### THE TASK
An exact transcription of every entry is required. Images are not part of it.

### DATA IN THIS EXERCISE
########
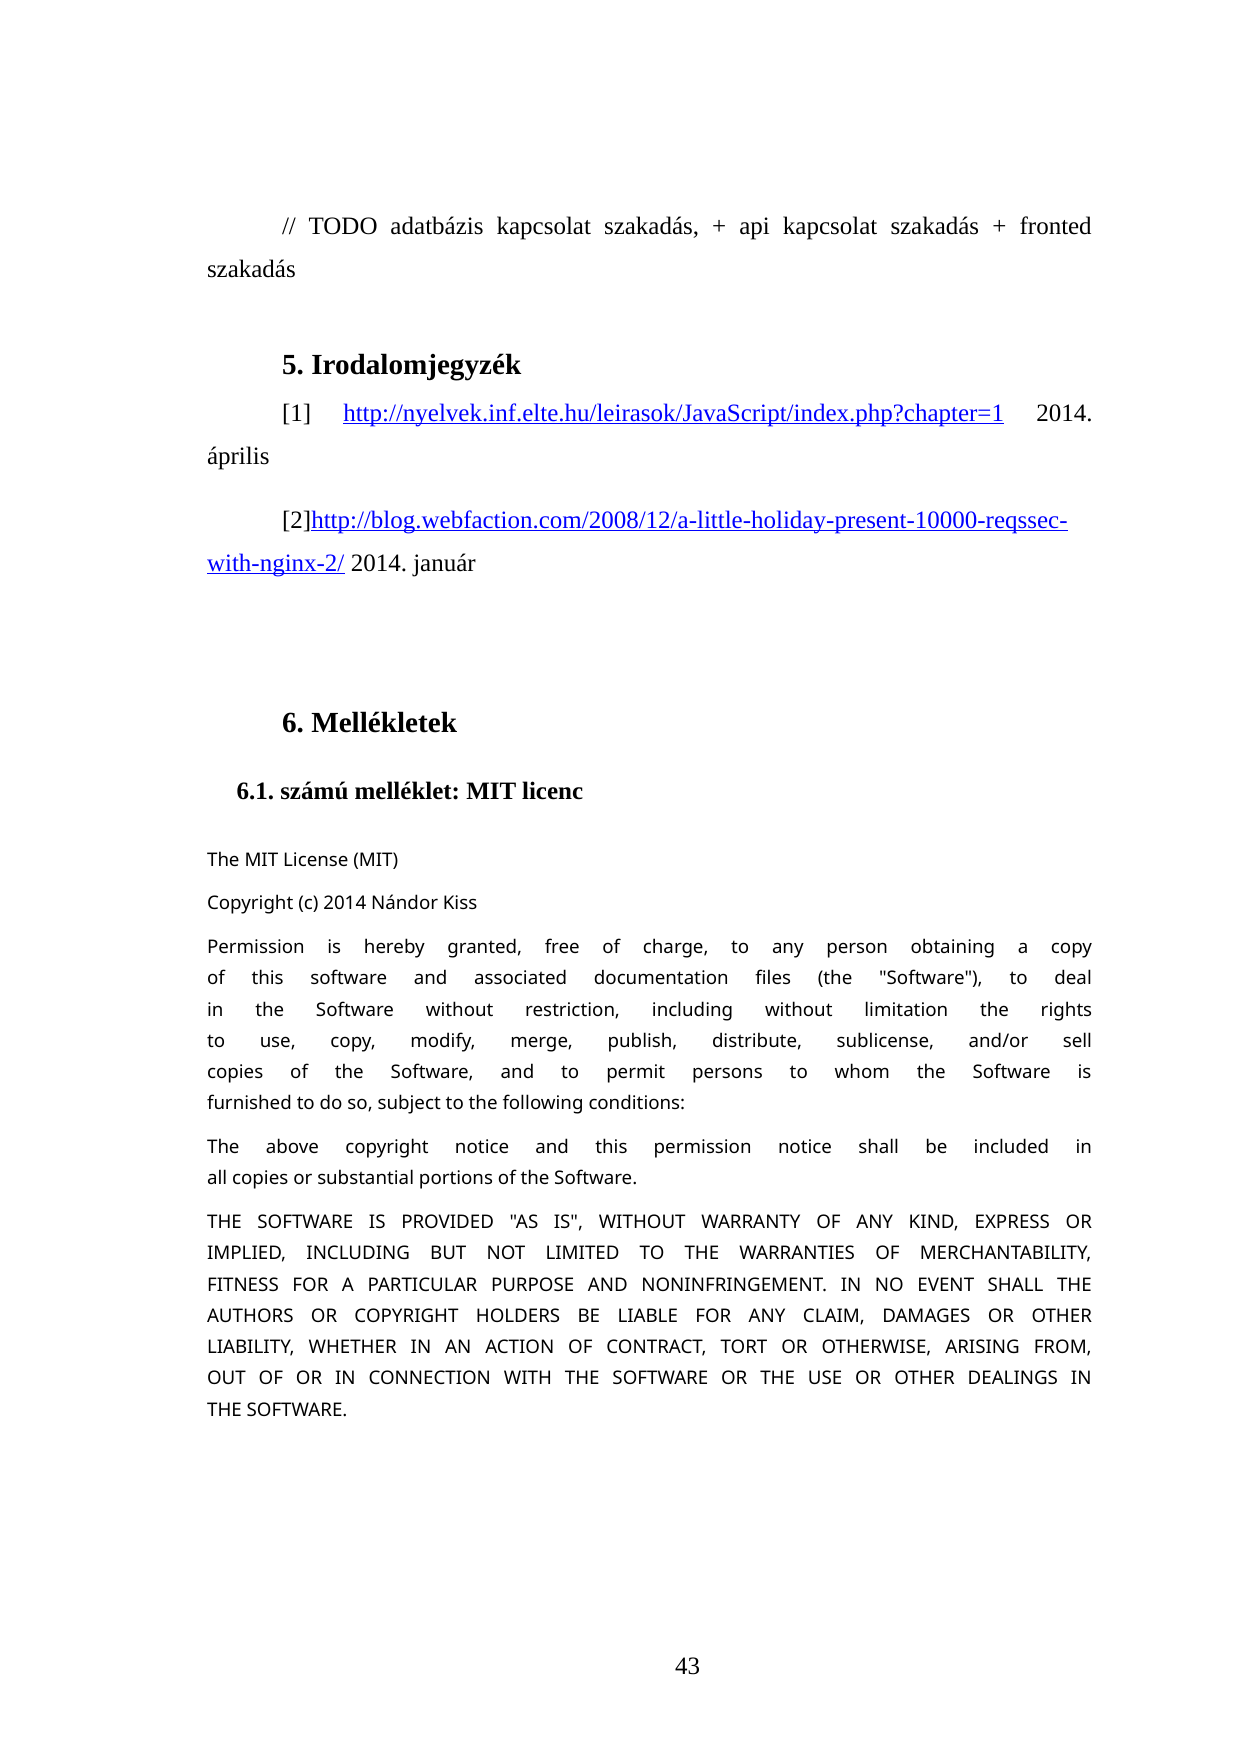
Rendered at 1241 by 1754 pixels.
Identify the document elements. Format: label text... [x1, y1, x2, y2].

text The MIT License (MIT) [207, 840, 1092, 871]
text [2]http://blog.webfaction.com/2008/12/a-little-holiday-present-10000-reqssec-with-nginx-2/ 2014. január [207, 505, 1092, 577]
text [1] http://nyelvek.inf.elte.hu/leirasok/JavaScript/index.php?chapter=1 2014. április [207, 398, 1092, 470]
text // TODO adatbázis kapcsolat szakadás, + api kapcsolat szakadás + fronted szakadás [207, 211, 1092, 283]
text THE SOFTWARE IS PROVIDED "AS IS", WITHOUT WARRANTY OF ANY KIND, EXPRESS OR IMPLIED, INCLUDING BUT NOT LIMITED TO THE WARRANTIES OF MERCHANTABILITY, FITNESS FOR A PARTICULAR PURPOSE AND NONINFRINGEMENT. IN NO EVENT SHALL THE AUTHORS OR COPYRIGHT HOLDERS BE LIABLE FOR ANY CLAIM, DAMAGES OR OTHER LIABILITY, WHETHER IN AN ACTION OF CONTRACT, TORT OR OTHERWISE, ARISING FROM, OUT OF OR IN CONNECTION WITH THE SOFTWARE OR THE USE OR OTHER DEALINGS IN THE SOFTWARE. [207, 1203, 1092, 1421]
subtitle 6. Mellékletek [207, 705, 1092, 739]
text Permission is hereby granted, free of charge, to any person obtaining a copy of this software and associated documentation files (the "Software"), to deal in the Software without restriction, including without limitation the rights to use, copy, modify, merge, publish, distribute, sublicense, and/or sell copies of the Software, and to permit persons to whom the Software is furnished to do so, subject to the following conditions: [207, 928, 1092, 1115]
subtitle 5. Irodalomjegyzék [207, 347, 1092, 381]
subtitle 6.1. számú melléklet: MIT licenc [207, 776, 1092, 805]
text Copyright (c) 2014 Nándor Kiss [207, 884, 1092, 915]
text The above copyright notice and this permission notice shall be included in all copies or substantial portions of the Software. [207, 1128, 1092, 1190]
########
### RESPONSE TO THIS EXERCISE
Rendered at 1241 by 1754 pixels.
Identify the document elements. Format: label text... [x1, y1, x2, y2].

text The MIT License (MIT) [207, 840, 1092, 871]
text [2]http://blog.webfaction.com/2008/12/a-little-holiday-present-10000-reqssec-with-nginx-2/ 2014. január [207, 505, 1092, 577]
text [1] http://nyelvek.inf.elte.hu/leirasok/JavaScript/index.php?chapter=1 2014. április [207, 398, 1092, 470]
text // TODO adatbázis kapcsolat szakadás, + api kapcsolat szakadás + fronted szakadás [207, 211, 1092, 283]
text THE SOFTWARE IS PROVIDED "AS IS", WITHOUT WARRANTY OF ANY KIND, EXPRESS OR IMPLIED, INCLUDING BUT NOT LIMITED TO THE WARRANTIES OF MERCHANTABILITY, FITNESS FOR A PARTICULAR PURPOSE AND NONINFRINGEMENT. IN NO EVENT SHALL THE AUTHORS OR COPYRIGHT HOLDERS BE LIABLE FOR ANY CLAIM, DAMAGES OR OTHER LIABILITY, WHETHER IN AN ACTION OF CONTRACT, TORT OR OTHERWISE, ARISING FROM, OUT OF OR IN CONNECTION WITH THE SOFTWARE OR THE USE OR OTHER DEALINGS IN THE SOFTWARE. [207, 1203, 1092, 1421]
subtitle 6. Mellékletek [207, 705, 1092, 739]
text Permission is hereby granted, free of charge, to any person obtaining a copy of this software and associated documentation files (the "Software"), to deal in the Software without restriction, including without limitation the rights to use, copy, modify, merge, publish, distribute, sublicense, and/or sell copies of the Software, and to permit persons to whom the Software is furnished to do so, subject to the following conditions: [207, 928, 1092, 1115]
subtitle 5. Irodalomjegyzék [207, 347, 1092, 381]
subtitle 6.1. számú melléklet: MIT licenc [207, 776, 1092, 805]
text Copyright (c) 2014 Nándor Kiss [207, 884, 1092, 915]
text The above copyright notice and this permission notice shall be included in all copies or substantial portions of the Software. [207, 1128, 1092, 1190]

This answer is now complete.